Java exercise to practice application of the dependency injection design pattern and the unit testing that it allows. PDF presentation notes on dependency injection also included. Problem and solution are eclipse projects.
Here we have the framework of a basic stock trading app. There's a command line interface in TradingApp, business logic in Trader, and an interface to Yahoo's stock price API in YahooPriceService.
Your task is to find an effective way to test the business logic in Trader. You will likely want to use the ideas and tools we discussed in class today, including:
- Manual dependency injection
- Interface abstraction
- Test mocks with mockito (the mockito library is included in the eclipse project, and documentation is at http://docs.mockito.googlecode.com/hg/latest/org/mockito/Mockito.html)
Trader has a bug, so you should be able to come up with a failing JUnit test for it.
Students should extract an interface from YahooStockService, and call it something like StockService.
Then, apply dependency injection to Trader so that a YahooStockService is created by TradingApp and injected into Trader (which expects a StockService in its constructor).
Now, create a JUnit test of Trader that:
- creates a mockito mock of StockService.class and passes it to a Trader
- stubs the getPrice method for a given symbol or any symbol
- executes Trader.buy() for a bid above, equal to and below the price provided by the stub above, verifying both the return value and that StockService.buy() is or is not called appropriately (via mockito's verify())

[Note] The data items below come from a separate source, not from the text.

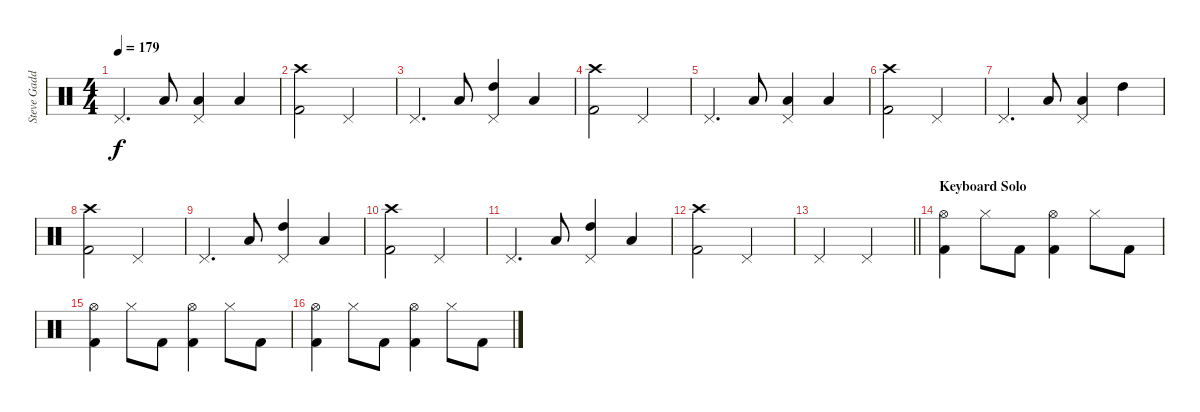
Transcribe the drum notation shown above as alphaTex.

\track ("Steve Gadd" "Steve Gadd") {instrument percussion}
\staff {score}
\articulation defaults
\ts (4 4)
\tempo 179
\clef neutral
\ks c "Pedal Hi-Hat (hit)".4{d dy f} "Low Tom (hit)".8
("Pedal Hi-Hat (hit)" "Low Tom (hit)").4 "Low Tom (hit)".4 |
("Crash high (hit)" "Kick (hit) 2").2 "Pedal Hi-Hat (hit)".2 |
"Pedal Hi-Hat (hit)".4{d} "Low Tom (hit)".8 ("Pedal Hi-Hat (hit)" "High Tom (hit)").4 "Low Floor Tom (hit)".4 |
("Crash high (hit)" "Kick (hit) 2").2 "Pedal Hi-Hat (hit)".2 |
"Pedal Hi-Hat (hit)".4{d} "Low Floor Tom (hit)".8 ("Pedal Hi-Hat (hit)" "Low Floor Tom (hit)").4 "Low Floor Tom (hit)".4 |
("Crash high (hit)" "Kick (hit) 2").2 "Pedal Hi-Hat (hit)".2 |
"Pedal Hi-Hat (hit)".4{d} "Low Tom (hit)".8 ("Pedal Hi-Hat (hit)" "Low Tom (hit)").4 "High Tom (hit)".4 |
("Crash high (hit)" "Kick (hit) 2").2 "Pedal Hi-Hat (hit)".2 |
"Pedal Hi-Hat (hit)".4{d} "Low Tom (hit)".8 ("Pedal Hi-Hat (hit)" "High Tom (hit)").4 "Low Floor Tom (hit)".4 |
("Crash high (hit)" "Kick (hit) 2").2 "Pedal Hi-Hat (hit)".2 |
"Pedal Hi-Hat (hit)".4{d} "Low Tom (hit)".8 ("Pedal Hi-Hat (hit)" "High Tom (hit)").4 "Low Floor Tom (hit)".4 |
("Crash high (hit)" "Kick (hit) 2").2 "Pedal Hi-Hat (hit)".2 |
\barLineRight lightlight "Pedal Hi-Hat (hit)".2 "Pedal Hi-Hat (hit)".2
|
\section ("" "Keyboard Solo")
("Hi-Hat (open)" "Kick (hit) 2").4 "Hi-Hat (closed)".8 "Kick (hit) 2".8 ("Hi-Hat (open)" "Kick (hit) 2").4 "Hi-Hat (closed)".8 "Kick (hit) 2".8 |
("Hi-Hat (open)" "Kick (hit) 2").4 "Hi-Hat (closed)".8 "Kick (hit) 2".8 ("Hi-Hat (open)" "Kick (hit) 2").4 "Hi-Hat (closed)".8 "Kick (hit) 2".8 |
("Hi-Hat (open)" "Kick (hit) 2").4 "Hi-Hat (closed)".8 "Kick (hit) 2".8 ("Hi-Hat (open)" "Kick (hit) 2").4 "Hi-Hat (closed)".8 "Kick (hit) 2".8
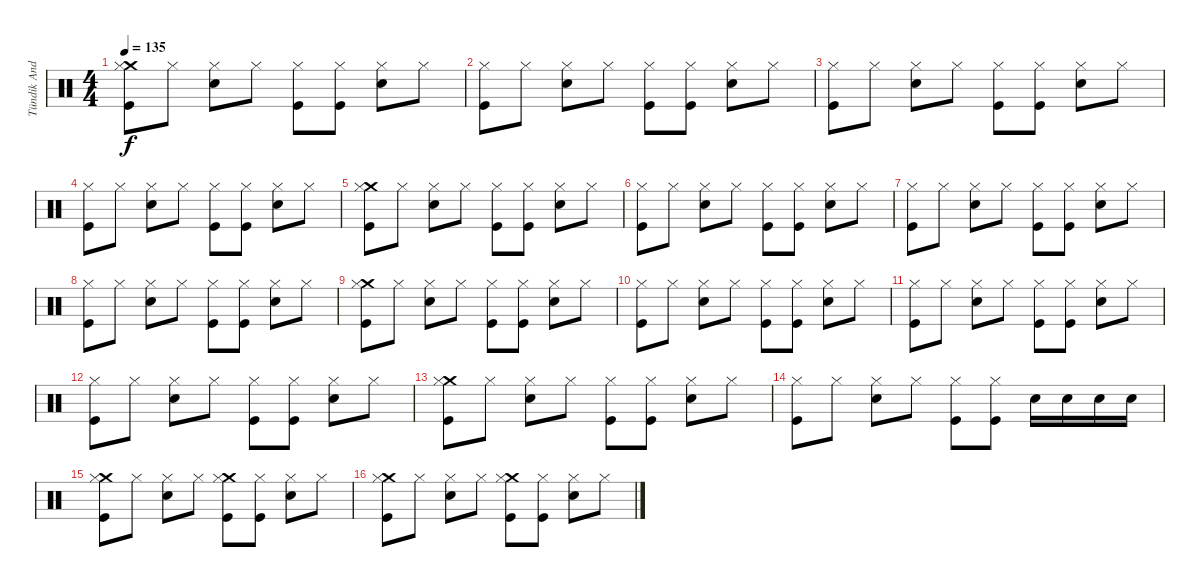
\track ("Tündik András - Dob" "Tündik And") {instrument percussion}
\staff {score}
\articulation defaults
\ts (4 4)
\tempo 135
\clef neutral
\ks c
("Crash medium (hit)" "Hi-Hat (closed)" "Kick (hit)").8{dy f} "Hi-Hat (closed)".8 ("Snare (hit) 2" "Hi-Hat (closed)").8 "Hi-Hat (closed)".8 ("Hi-Hat (closed)" "Kick (hit)").8 ("Hi-Hat (closed)" "Kick (hit)").8 ("Snare (hit) 2" "Hi-Hat (closed)").8 "Hi-Hat (closed)".8 |
("Hi-Hat (closed)" "Kick (hit)").8 "Hi-Hat (closed)".8 ("Snare (hit) 2" "Hi-Hat (closed)").8 "Hi-Hat (closed)".8 ("Hi-Hat (closed)" "Kick (hit)").8 ("Hi-Hat (closed)" "Kick (hit)").8 ("Snare (hit) 2" "Hi-Hat (closed)").8 "Hi-Hat (closed)".8 |
("Hi-Hat (closed)" "Kick (hit)").8 "Hi-Hat (closed)".8 ("Snare (hit) 2" "Hi-Hat (closed)").8 "Hi-Hat (closed)".8 ("Hi-Hat (closed)" "Kick (hit)").8 ("Hi-Hat (closed)" "Kick (hit)").8 ("Snare (hit) 2" "Hi-Hat (closed)").8 "Hi-Hat (closed)".8 |
("Hi-Hat (closed)" "Kick (hit)").8 "Hi-Hat (closed)".8 ("Snare (hit) 2" "Hi-Hat (closed)").8 "Hi-Hat (closed)".8 ("Hi-Hat (closed)" "Kick (hit)").8 ("Hi-Hat (closed)" "Kick (hit)").8 ("Snare (hit) 2" "Hi-Hat (closed)").8 "Hi-Hat (closed)".8 |
("Crash medium (hit)" "Hi-Hat (closed)" "Kick (hit)").8 "Hi-Hat (closed)".8 ("Snare (hit) 2" "Hi-Hat (closed)").8 "Hi-Hat (closed)".8 ("Hi-Hat (closed)" "Kick (hit)").8 ("Hi-Hat (closed)" "Kick (hit)").8 ("Snare (hit) 2" "Hi-Hat (closed)").8 "Hi-Hat (closed)".8 |
("Hi-Hat (closed)" "Kick (hit)").8 "Hi-Hat (closed)".8 ("Snare (hit) 2" "Hi-Hat (closed)").8 "Hi-Hat (closed)".8 ("Hi-Hat (closed)" "Kick (hit)").8 ("Hi-Hat (closed)" "Kick (hit)").8 ("Snare (hit) 2" "Hi-Hat (closed)").8 "Hi-Hat (closed)".8 |
("Hi-Hat (closed)" "Kick (hit)").8 "Hi-Hat (closed)".8 ("Snare (hit) 2" "Hi-Hat (closed)").8 "Hi-Hat (closed)".8 ("Hi-Hat (closed)" "Kick (hit)").8 ("Hi-Hat (closed)" "Kick (hit)").8 ("Snare (hit) 2" "Hi-Hat (closed)").8 "Hi-Hat (closed)".8 |
("Hi-Hat (closed)" "Kick (hit)").8 "Hi-Hat (closed)".8 ("Snare (hit) 2" "Hi-Hat (closed)").8 "Hi-Hat (closed)".8 ("Hi-Hat (closed)" "Kick (hit)").8 ("Hi-Hat (closed)" "Kick (hit)").8 ("Snare (hit) 2" "Hi-Hat (closed)").8 "Hi-Hat (closed)".8 |
("Crash medium (hit)" "Hi-Hat (closed)" "Kick (hit)").8 "Hi-Hat (closed)".8 ("Snare (hit) 2" "Hi-Hat (closed)").8 "Hi-Hat (closed)".8 ("Hi-Hat (closed)" "Kick (hit)").8 ("Hi-Hat (closed)" "Kick (hit)").8 ("Snare (hit) 2" "Hi-Hat (closed)").8 "Hi-Hat (closed)".8 |
("Hi-Hat (closed)" "Kick (hit)").8 "Hi-Hat (closed)".8 ("Snare (hit) 2" "Hi-Hat (closed)").8 "Hi-Hat (closed)".8 ("Hi-Hat (closed)" "Kick (hit)").8 ("Hi-Hat (closed)" "Kick (hit)").8 ("Snare (hit) 2" "Hi-Hat (closed)").8 "Hi-Hat (closed)".8 |
("Hi-Hat (closed)" "Kick (hit)").8 "Hi-Hat (closed)".8 ("Snare (hit) 2" "Hi-Hat (closed)").8 "Hi-Hat (closed)".8 ("Hi-Hat (closed)" "Kick (hit)").8 ("Hi-Hat (closed)" "Kick (hit)").8 ("Snare (hit) 2" "Hi-Hat (closed)").8 "Hi-Hat (closed)".8 |
("Hi-Hat (closed)" "Kick (hit)").8 "Hi-Hat (closed)".8 ("Snare (hit) 2" "Hi-Hat (closed)").8 "Hi-Hat (closed)".8 ("Hi-Hat (closed)" "Kick (hit)").8 ("Hi-Hat (closed)" "Kick (hit)").8 ("Snare (hit) 2" "Hi-Hat (closed)").8 "Hi-Hat (closed)".8 |
("Crash medium (hit)" "Hi-Hat (closed)" "Kick (hit)").8 "Hi-Hat (closed)".8 ("Snare (hit) 2" "Hi-Hat (closed)").8 "Hi-Hat (closed)".8 ("Hi-Hat (closed)" "Kick (hit)").8 ("Hi-Hat (closed)" "Kick (hit)").8 ("Snare (hit) 2" "Hi-Hat (closed)").8 "Hi-Hat (closed)".8 |
("Hi-Hat (closed)" "Kick (hit)").8 "Hi-Hat (closed)".8 ("Snare (hit) 2" "Hi-Hat (closed)").8 "Hi-Hat (closed)".8 ("Hi-Hat (closed)" "Kick (hit)").8 ("Hi-Hat (closed)" "Kick (hit)").8 "Snare (hit) 2".16 "Snare (hit) 2".16 "Snare (hit) 2".16 "Snare (hit) 2".16 |
("Crash medium (hit)" "Hi-Hat (closed)" "Kick (hit)").8 "Hi-Hat (closed)".8 ("Snare (hit) 2" "Hi-Hat (closed)").8 "Hi-Hat (closed)".8 ("Crash medium (hit)" "Hi-Hat (closed)" "Kick (hit)").8 ("Hi-Hat (closed)" "Kick (hit)").8 ("Snare (hit) 2" "Hi-Hat (closed)").8 "Hi-Hat (closed)".8 |
("Crash medium (hit)" "Hi-Hat (closed)" "Kick (hit)").8 "Hi-Hat (closed)".8 ("Snare (hit) 2" "Hi-Hat (closed)").8 "Hi-Hat (closed)".8 ("Crash medium (hit)" "Hi-Hat (closed)" "Kick (hit)").8 ("Hi-Hat (closed)" "Kick (hit)").8 ("Snare (hit) 2" "Hi-Hat (closed)").8 "Hi-Hat (closed)".8
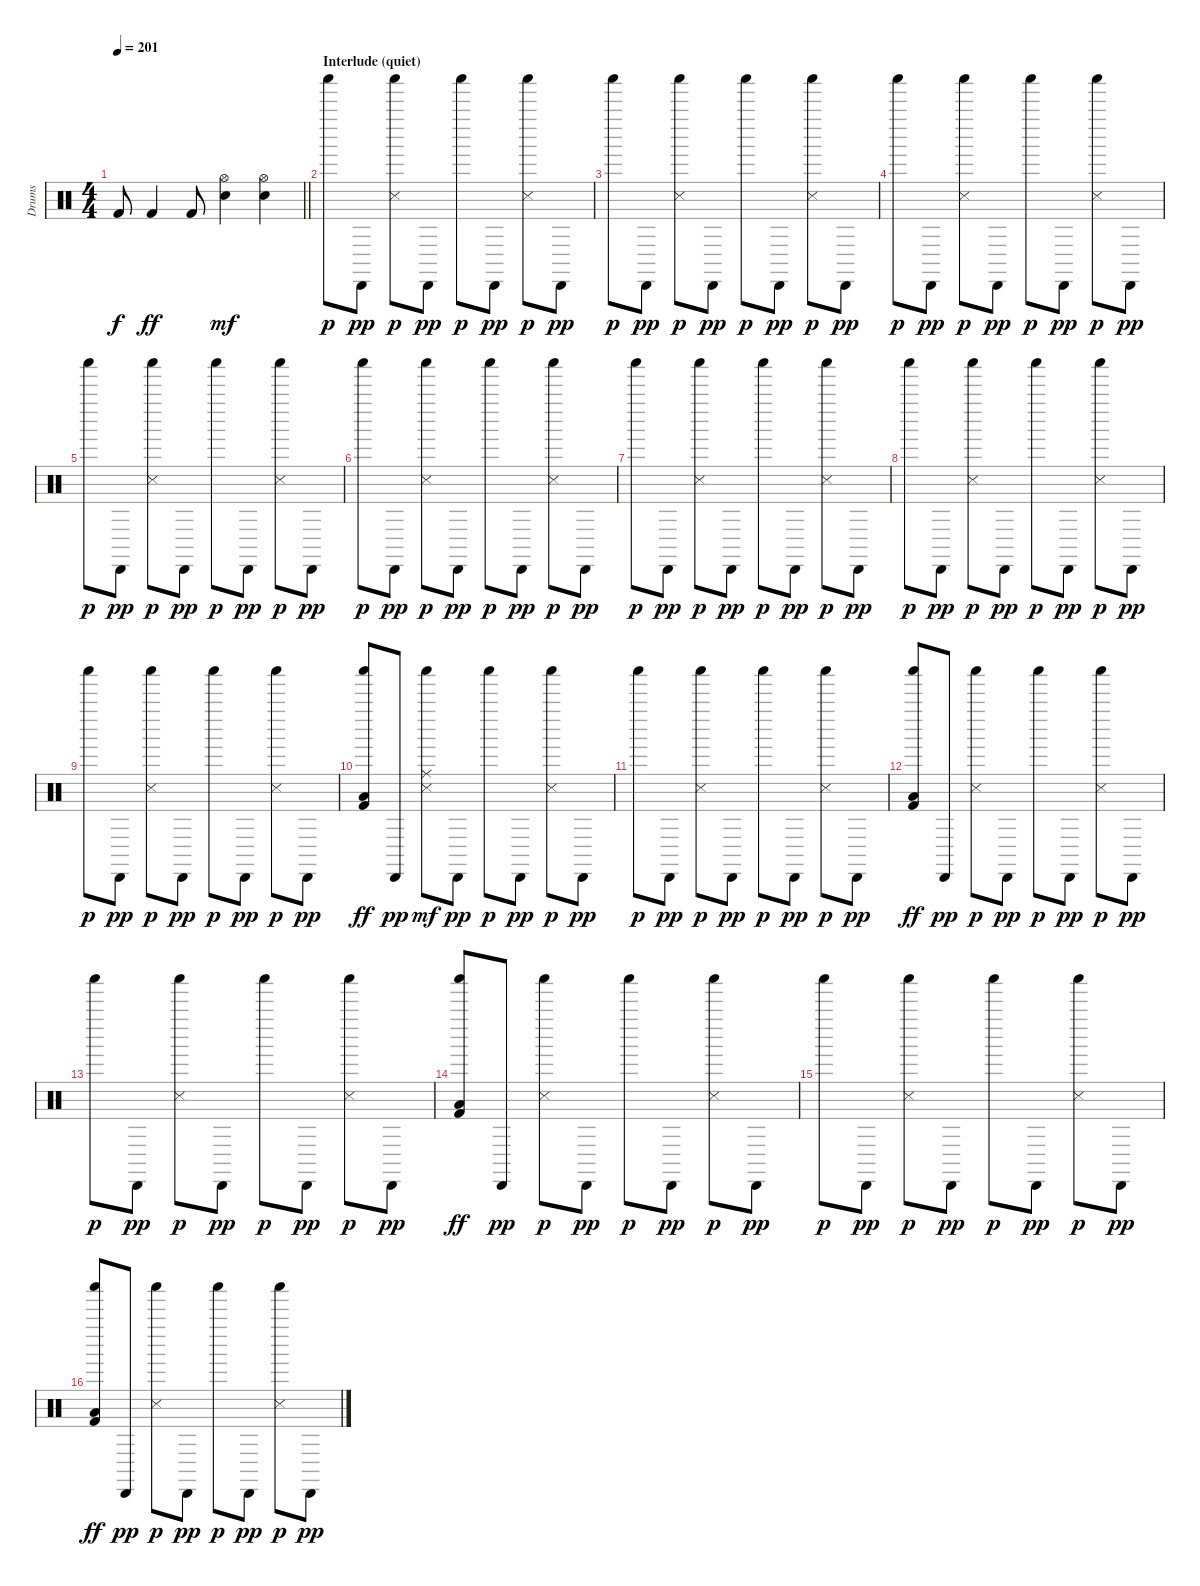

Students should be able to find and produce failing tests for the two obvious bugs in Trader.java: that the condition in the if is > instead of >=, and that stockService.buy(symbol); is misplaced - it should be inside the if. Fixing those bugs should make their tests pass, and their tests should still fail if only one is fixed.
public domain, though if you use this material I'd love to hear any feedback you have.